| Work required |
Return verbatim the portion of the material below that starts at the line containing "And the car (199,549,241,562)." and ends at its last line.
::: Source material :::
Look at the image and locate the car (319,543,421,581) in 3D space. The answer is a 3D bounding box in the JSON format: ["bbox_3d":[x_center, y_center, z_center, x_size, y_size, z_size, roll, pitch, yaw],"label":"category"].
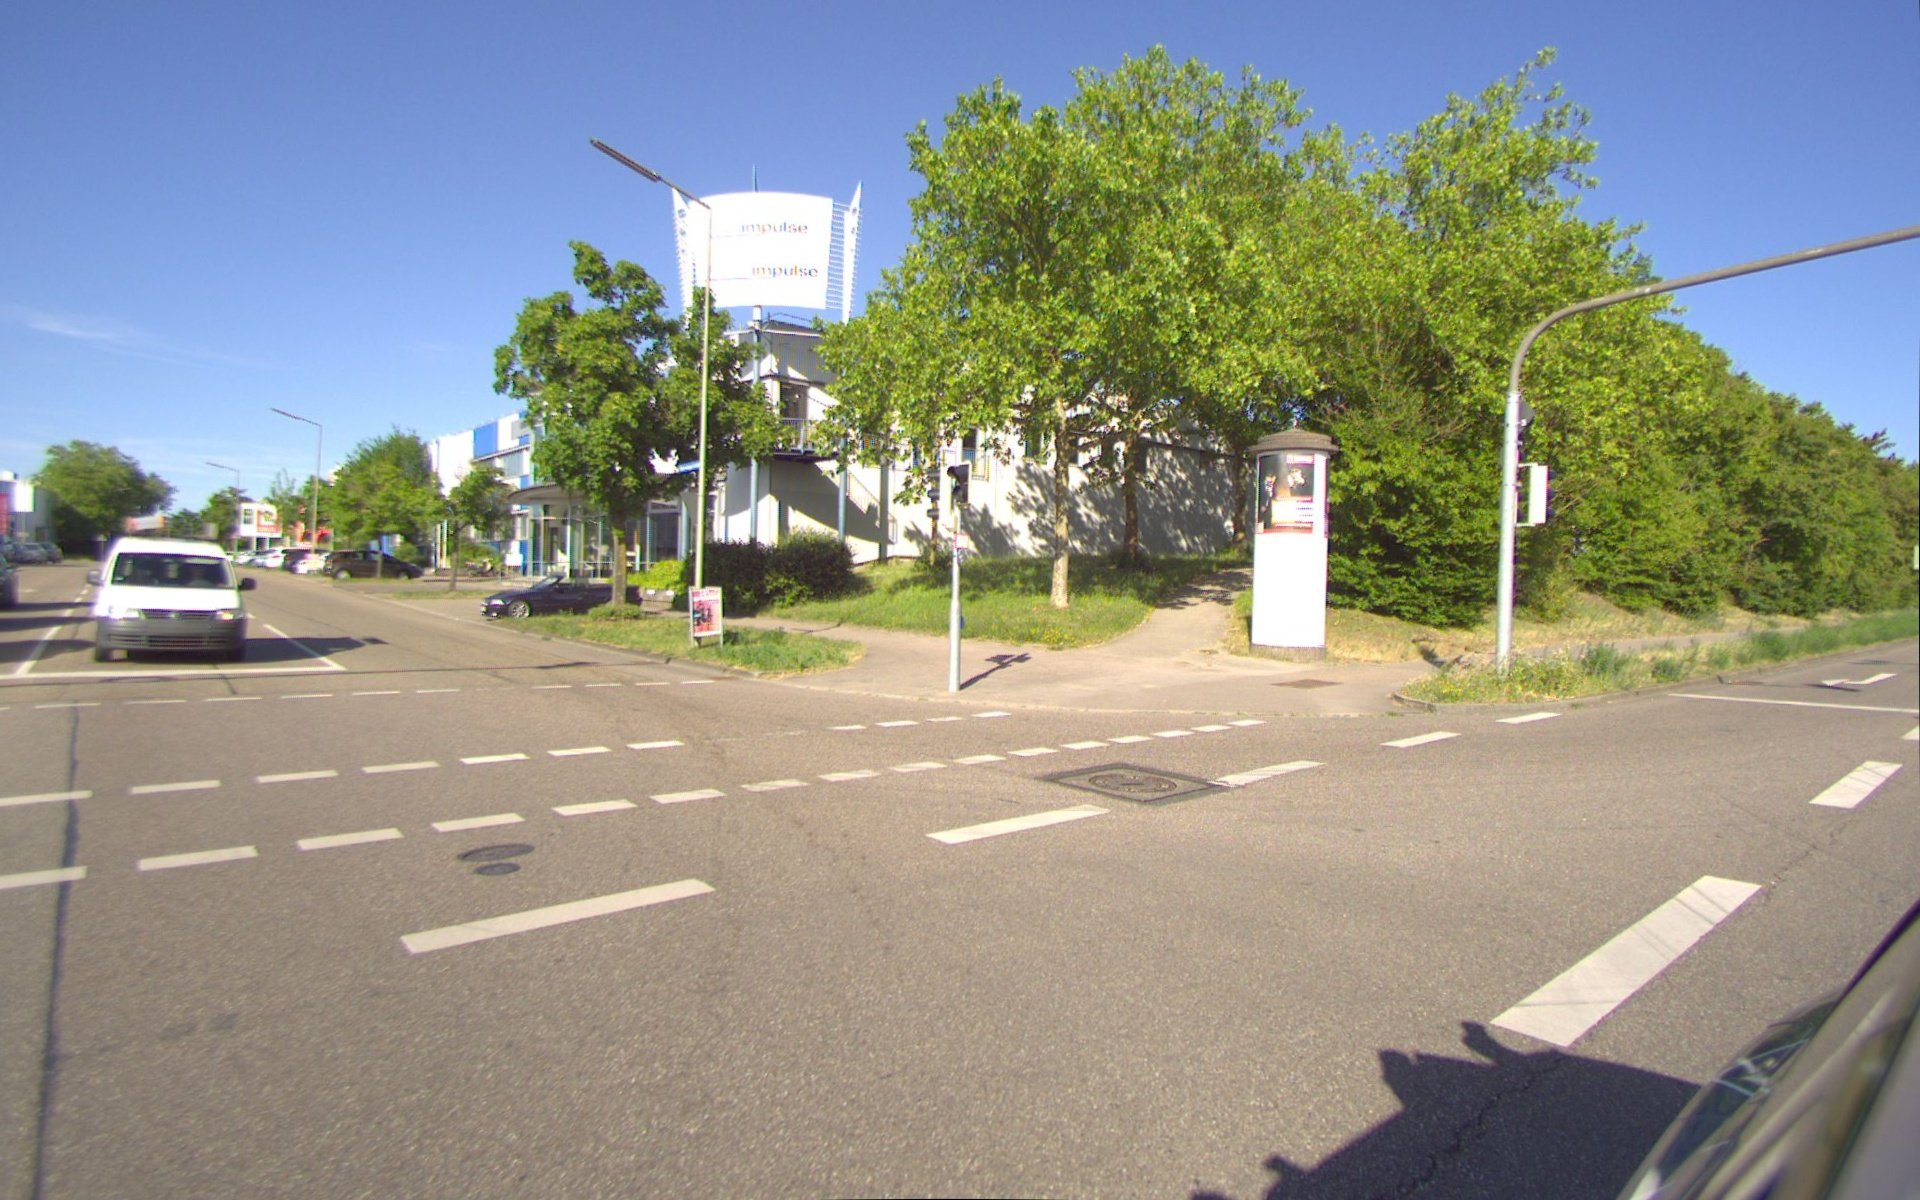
[{"bbox_3d":[-30.110,-1.915,51.712,4.286,1.859,1.720,-1,1,-41],"label":"car"}]

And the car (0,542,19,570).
[{"bbox_3d":[-58.119,-2.658,60.625,1.962,1.618,4.001,0,2,-34],"label":"car"}]

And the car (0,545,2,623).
[{"bbox_3d":[-19.412,-0.247,18.989,1.776,1.609,3.928,-2,3,-39],"label":"car"}]

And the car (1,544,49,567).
[{"bbox_3d":[-67.388,-3.230,73.029,1.962,1.618,4.002,0,3,-34],"label":"car"}]

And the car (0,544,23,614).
[{"bbox_3d":[-24.005,-0.547,24.404,1.776,1.609,3.928,-2,3,-39],"label":"car"}]

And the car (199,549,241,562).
[{"bbox_3d":[-88.379,-5.276,120.876,3.927,1.381,1.780,-1,0,-38],"label":"car"}]

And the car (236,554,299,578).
[{"bbox_3d":[-57.185,-2.794,83.597,4.078,1.874,1.720,-1,1,-41],"label":"car"}]

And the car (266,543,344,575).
[{"bbox_3d":[-44.409,-2.740,68.673,4.286,2.044,1.720,0,2,-41],"label":"car"}]

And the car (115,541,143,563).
[{"bbox_3d":[-82.837,-4.733,100.922,1.671,2.039,4.002,0,0,-33],"label":"car"}]

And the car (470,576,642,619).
[{"bbox_3d":[-11.500,-0.105,28.983,4.287,1.137,1.719,-1,2,-42],"label":"car"}]

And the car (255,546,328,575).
[{"bbox_3d":[-48.920,-2.852,74.062,4.286,2.008,1.720,-1,1,-41],"label":"car"}]

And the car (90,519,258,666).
[{"bbox_3d":[-12.304,-0.161,15.815,1.839,1.958,4.691,0,2,-39],"label":"car"}]

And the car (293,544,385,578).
[{"bbox_3d":[-35.964,-2.258,58.659,4.286,1.858,1.720,0,2,-41],"label":"car"}]

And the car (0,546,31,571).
[{"bbox_3d":[-63.904,-2.795,67.770,1.962,1.618,4.001,0,2,-34],"label":"car"}]
:::
| Result for this task |
And the car (199,549,241,562).
[{"bbox_3d":[-88.379,-5.276,120.876,3.927,1.381,1.780,-1,0,-38],"label":"car"}]

And the car (236,554,299,578).
[{"bbox_3d":[-57.185,-2.794,83.597,4.078,1.874,1.720,-1,1,-41],"label":"car"}]

And the car (266,543,344,575).
[{"bbox_3d":[-44.409,-2.740,68.673,4.286,2.044,1.720,0,2,-41],"label":"car"}]

And the car (115,541,143,563).
[{"bbox_3d":[-82.837,-4.733,100.922,1.671,2.039,4.002,0,0,-33],"label":"car"}]

And the car (470,576,642,619).
[{"bbox_3d":[-11.500,-0.105,28.983,4.287,1.137,1.719,-1,2,-42],"label":"car"}]

And the car (255,546,328,575).
[{"bbox_3d":[-48.920,-2.852,74.062,4.286,2.008,1.720,-1,1,-41],"label":"car"}]

And the car (90,519,258,666).
[{"bbox_3d":[-12.304,-0.161,15.815,1.839,1.958,4.691,0,2,-39],"label":"car"}]

And the car (293,544,385,578).
[{"bbox_3d":[-35.964,-2.258,58.659,4.286,1.858,1.720,0,2,-41],"label":"car"}]

And the car (0,546,31,571).
[{"bbox_3d":[-63.904,-2.795,67.770,1.962,1.618,4.001,0,2,-34],"label":"car"}]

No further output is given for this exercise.